Однако в толк я не возьму,
Ужель жива та барыня в хоромах?
– и дядя Юра перестал в Купавну приезжать, а я теперь думаю: как оскорбительно, оказывается, для моей бабушки звучало слово «барыня».
Предпоследняя дедова жена Нина Ивановна умерла в половине семидесятых, когда самому ему пошел девятый десяток. К той поре дед сделался очень грузным, страдал одышкой, но ни жизненная сила, ни кураж не оставляли его – эти часы были сделаны с мощным заводом и рассчитаны еще на много лет. Старик по-прежнему совершал обход девяти сберегательных касс, по-прежнему жил от тиража до тиража облигаций трехпроцентного займа, а когда уставал, садился на лавочку отдышаться и, по мере того как дыхание его успокаивалось, засыпал. Случалось, к живописному, похожему на глыбу филевскому антику в древнем кожаном пальто на меху подходили на улице ассистенты режиссеров и предлагали сняться в массовке исторического фильма, обещая заплатить за день съемки пять рублей.
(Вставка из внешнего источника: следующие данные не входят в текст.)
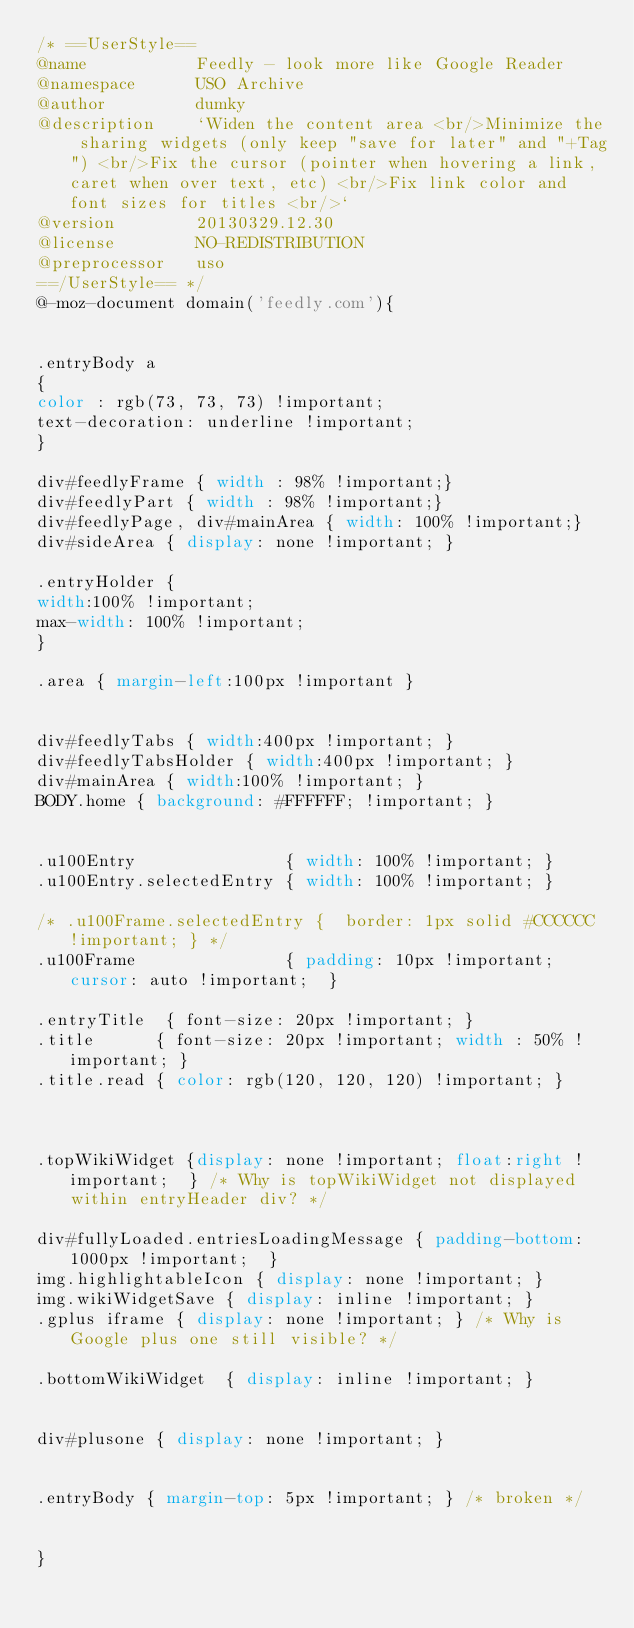Convert code to text. <code><loc_0><loc_0><loc_500><loc_500><_CSS_>/* ==UserStyle==
@name           Feedly - look more like Google Reader
@namespace      USO Archive
@author         dumky
@description    `Widen the content area <br/>Minimize the sharing widgets (only keep "save for later" and "+Tag") <br/>Fix the cursor (pointer when hovering a link, caret when over text, etc) <br/>Fix link color and font sizes for titles <br/>`
@version        20130329.12.30
@license        NO-REDISTRIBUTION
@preprocessor   uso
==/UserStyle== */
@-moz-document domain('feedly.com'){


.entryBody a 
{ 
color : rgb(73, 73, 73) !important;
text-decoration: underline !important;
} 

div#feedlyFrame { width : 98% !important;}
div#feedlyPart { width : 98% !important;}
div#feedlyPage, div#mainArea { width: 100% !important;}
div#sideArea { display: none !important; }

.entryHolder {
width:100% !important;
max-width: 100% !important;
}

.area { margin-left:100px !important } 


div#feedlyTabs { width:400px !important; }
div#feedlyTabsHolder { width:400px !important; }
div#mainArea { width:100% !important; }
BODY.home { background: #FFFFFF; !important; }


.u100Entry               { width: 100% !important; }
.u100Entry.selectedEntry { width: 100% !important; } 

/* .u100Frame.selectedEntry {  border: 1px solid #CCCCCC !important; } */
.u100Frame               { padding: 10px !important; cursor: auto !important;  }

.entryTitle  { font-size: 20px !important; }
.title      { font-size: 20px !important; width : 50% !important; }
.title.read { color: rgb(120, 120, 120) !important; }



.topWikiWidget {display: none !important; float:right !important;  } /* Why is topWikiWidget not displayed within entryHeader div? */

div#fullyLoaded.entriesLoadingMessage { padding-bottom: 1000px !important;  }
img.highlightableIcon { display: none !important; }
img.wikiWidgetSave { display: inline !important; }
.gplus iframe { display: none !important; } /* Why is Google plus one still visible? */

.bottomWikiWidget  { display: inline !important; }


div#plusone { display: none !important; }


.entryBody { margin-top: 5px !important; } /* broken */


}</code> 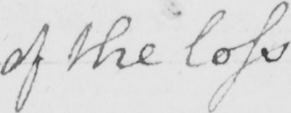Can you tell me what this handwritten text says? of the loss 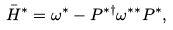Convert formula to latex. <formula><loc_0><loc_0><loc_500><loc_500>\bar { H } ^ { * } = \omega ^ { * } - P ^ { * \dagger } \omega ^ { * * } P ^ { * } ,</formula> 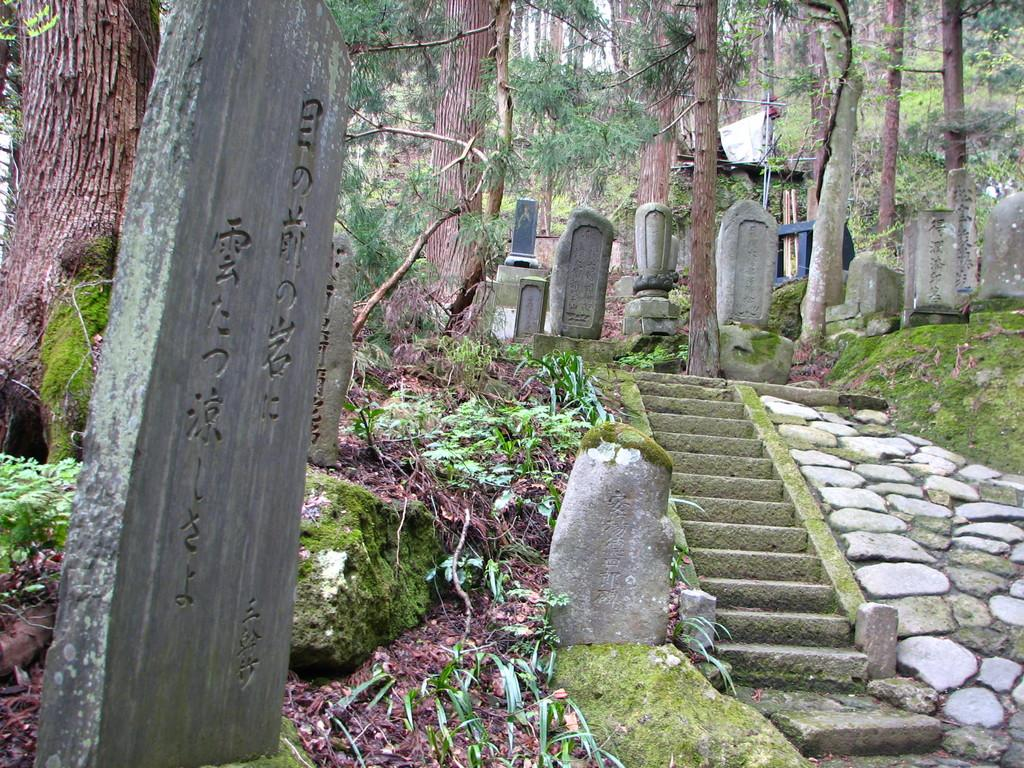What type of structure can be seen in the image? There is a concrete pole in the image. What architectural feature is present in the image? There are stairs in the image. What type of vegetation is visible in the image? There are trees and grass in the image. What natural elements can be seen in the image? There are rocks in the image. What is visible in the background of the image? There are trees and the sky in the background of the image. How many feathers can be seen on the ground in the image? There are no feathers present in the image. What type of event is taking place in the image? There is no event depicted in the image; it shows a concrete pole, stairs, trees, rocks, grass, and the sky. 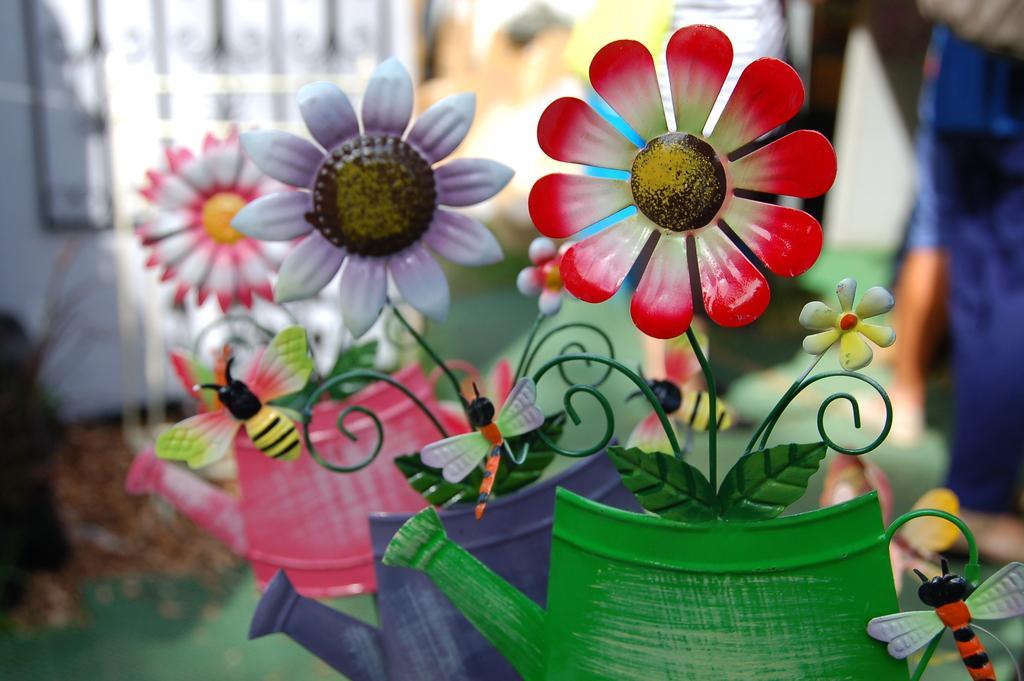How would you summarize this image in a sentence or two? In this image I can see few flowers in red,white,purple and green color. I can see blurred background. I can see few water cans.

Он не соглашался почему-то, но всегда с гордостью об этом рассказывал. Однажды возле «Метрополя» подошли двое иностранных журналистов с микрофоном и спросили о самом памятном событии в его жизни. «Девятнадцатый год. Нежин. Я предрика, даю команду взорвать спиртовой завод, где началась повальная пьянка. Я предотвратил еврейский погром», – не задумываясь, отвечал Алексей Николаевич, и вечером дедушкины слова услышал по Би-Би-Си и передал сестре дядя Юра.